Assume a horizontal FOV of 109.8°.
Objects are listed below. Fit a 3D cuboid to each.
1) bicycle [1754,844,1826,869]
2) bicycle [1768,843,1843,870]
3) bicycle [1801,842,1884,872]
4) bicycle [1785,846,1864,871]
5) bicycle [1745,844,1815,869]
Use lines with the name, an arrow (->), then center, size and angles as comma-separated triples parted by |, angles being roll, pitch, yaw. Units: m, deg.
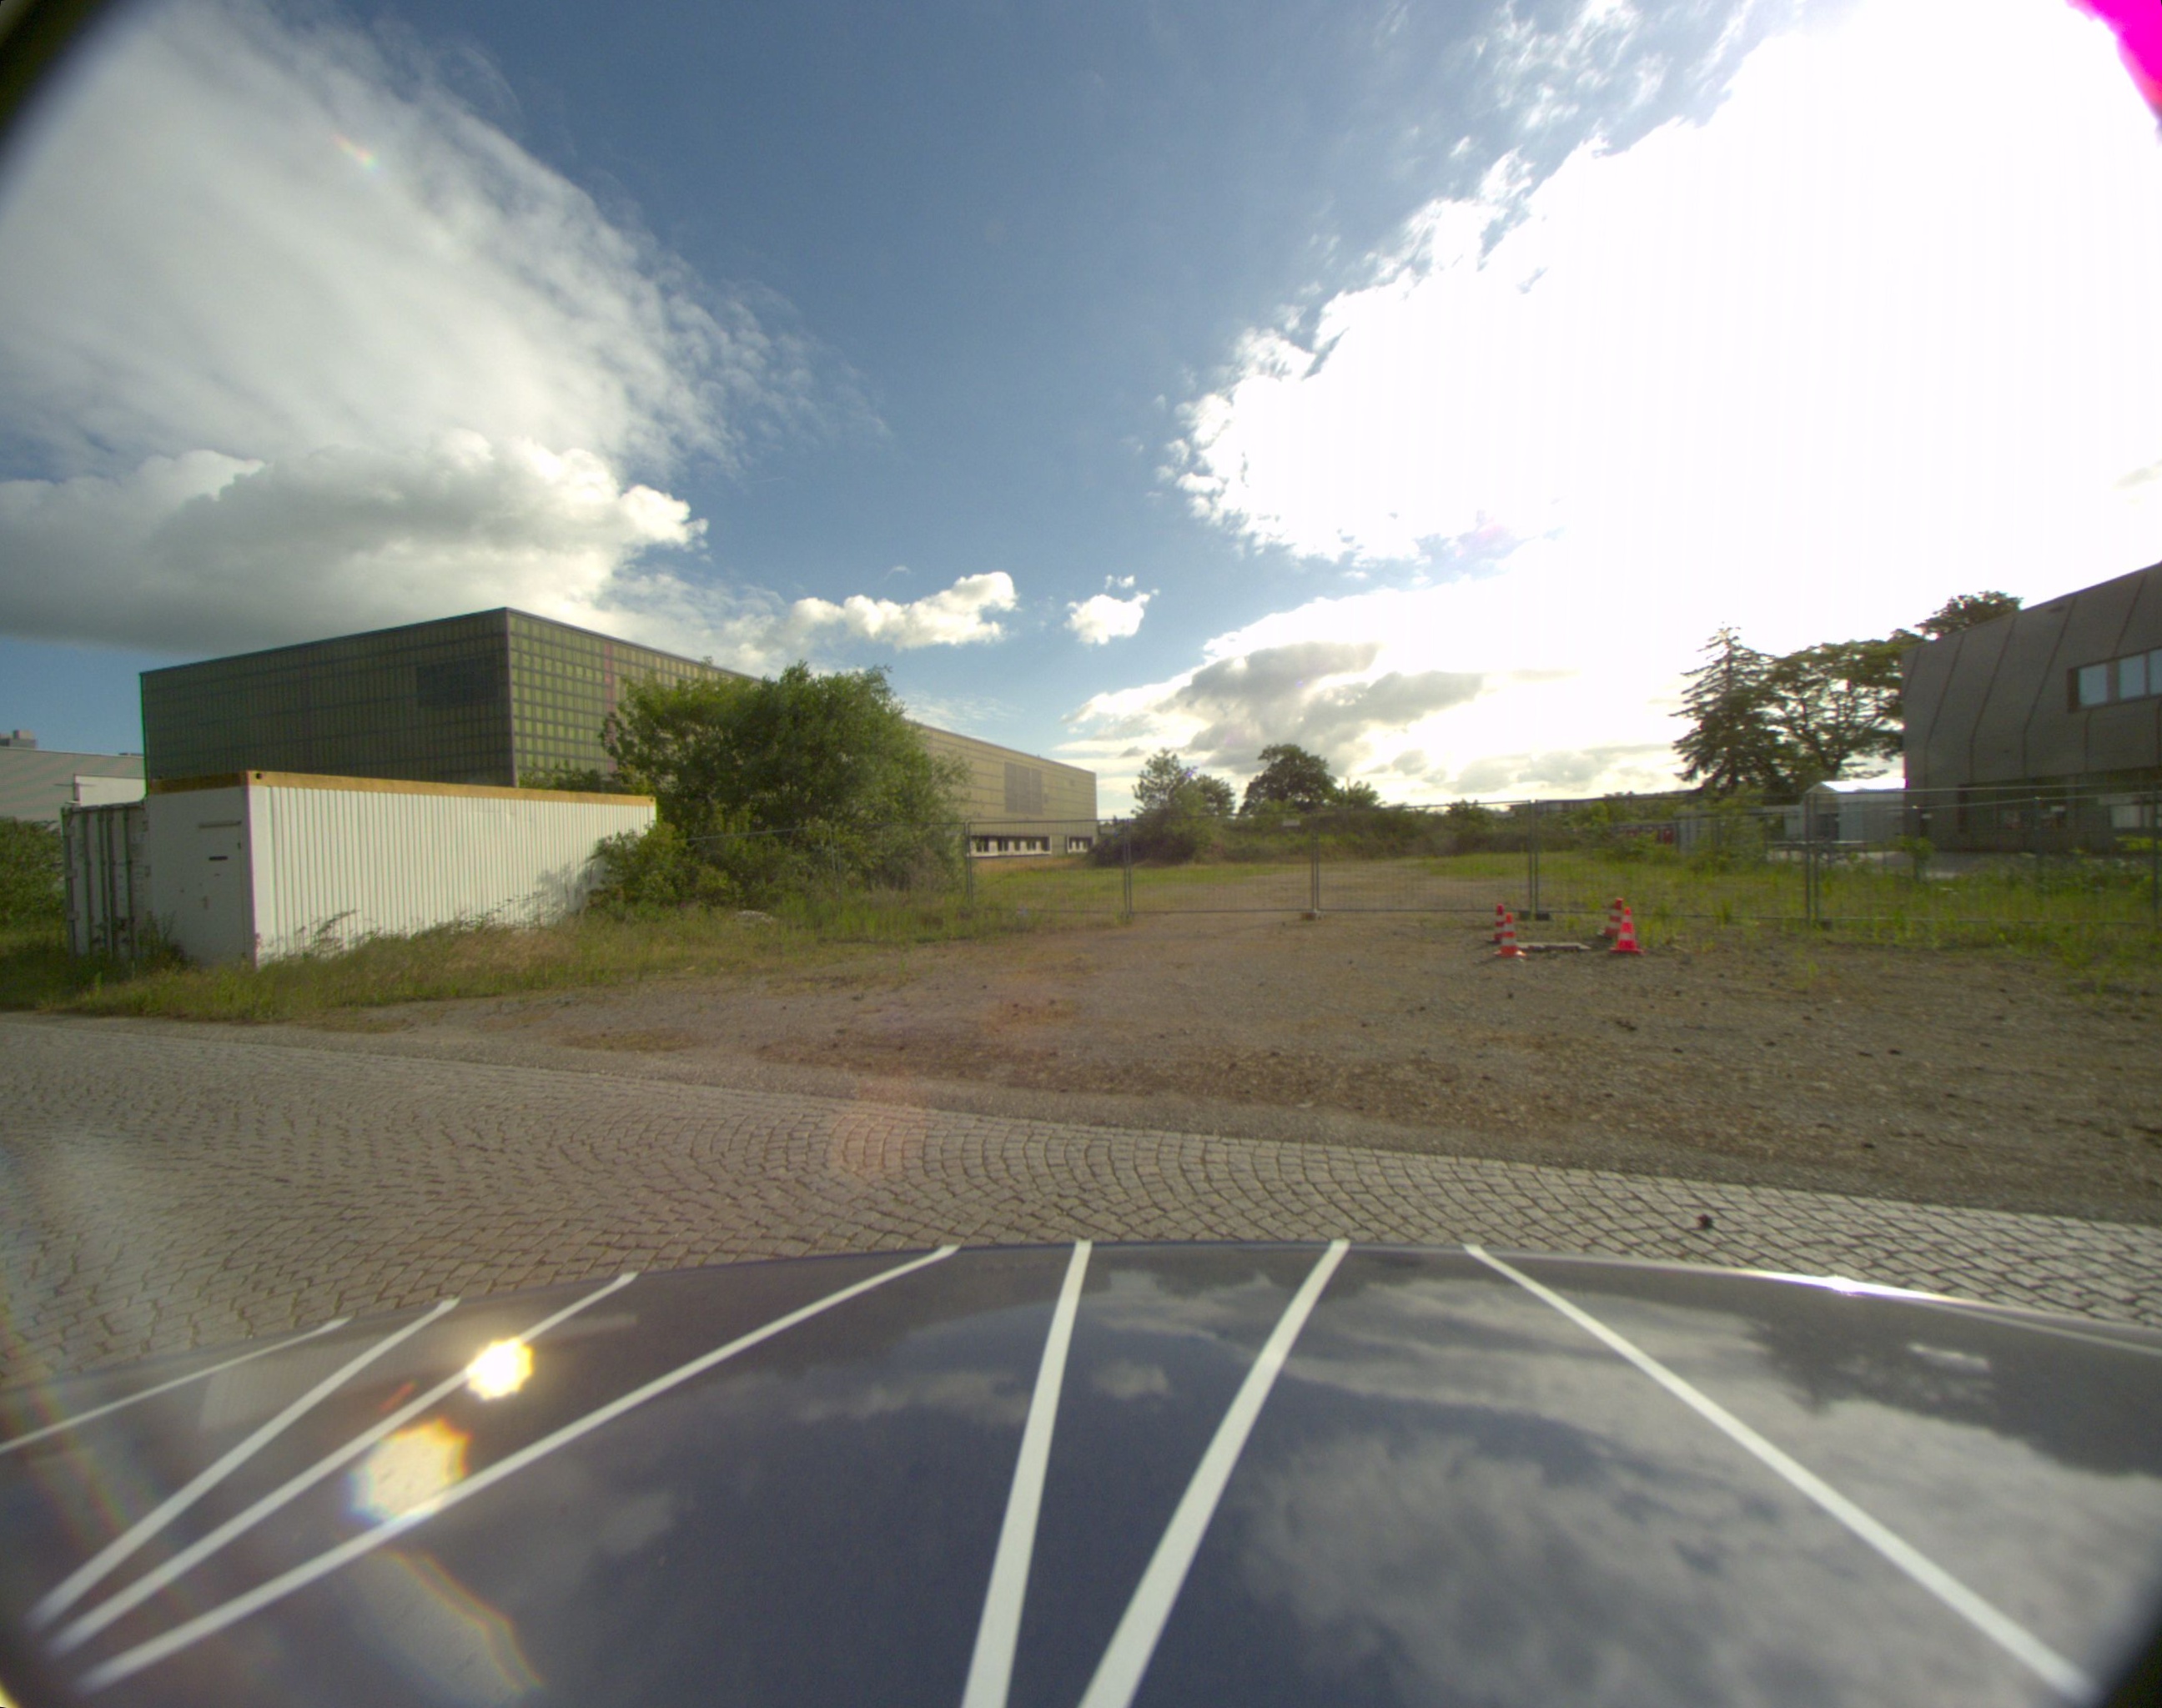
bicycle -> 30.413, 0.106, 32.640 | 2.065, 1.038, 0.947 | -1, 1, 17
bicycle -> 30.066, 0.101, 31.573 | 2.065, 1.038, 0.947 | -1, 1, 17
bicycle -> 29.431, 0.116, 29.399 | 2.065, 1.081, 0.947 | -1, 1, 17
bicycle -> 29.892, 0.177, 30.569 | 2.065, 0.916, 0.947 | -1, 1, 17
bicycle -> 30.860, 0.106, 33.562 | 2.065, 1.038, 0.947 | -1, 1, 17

§ What this task involves: Everything in the records above except the pictures is to be reproduced word for word.

§ Solution for this exercise:
Assume a horizontal FOV of 109.8°.
Objects are listed below. Fit a 3D cuboid to each.
1) bicycle [1754,844,1826,869]
2) bicycle [1768,843,1843,870]
3) bicycle [1801,842,1884,872]
4) bicycle [1785,846,1864,871]
5) bicycle [1745,844,1815,869]
Use lines with the name, an arrow (->), then center, size and angles as comma-separated triples parted by |, angles being roll, pitch, yaw. Units: m, deg.
bicycle -> 30.413, 0.106, 32.640 | 2.065, 1.038, 0.947 | -1, 1, 17
bicycle -> 30.066, 0.101, 31.573 | 2.065, 1.038, 0.947 | -1, 1, 17
bicycle -> 29.431, 0.116, 29.399 | 2.065, 1.081, 0.947 | -1, 1, 17
bicycle -> 29.892, 0.177, 30.569 | 2.065, 0.916, 0.947 | -1, 1, 17
bicycle -> 30.860, 0.106, 33.562 | 2.065, 1.038, 0.947 | -1, 1, 17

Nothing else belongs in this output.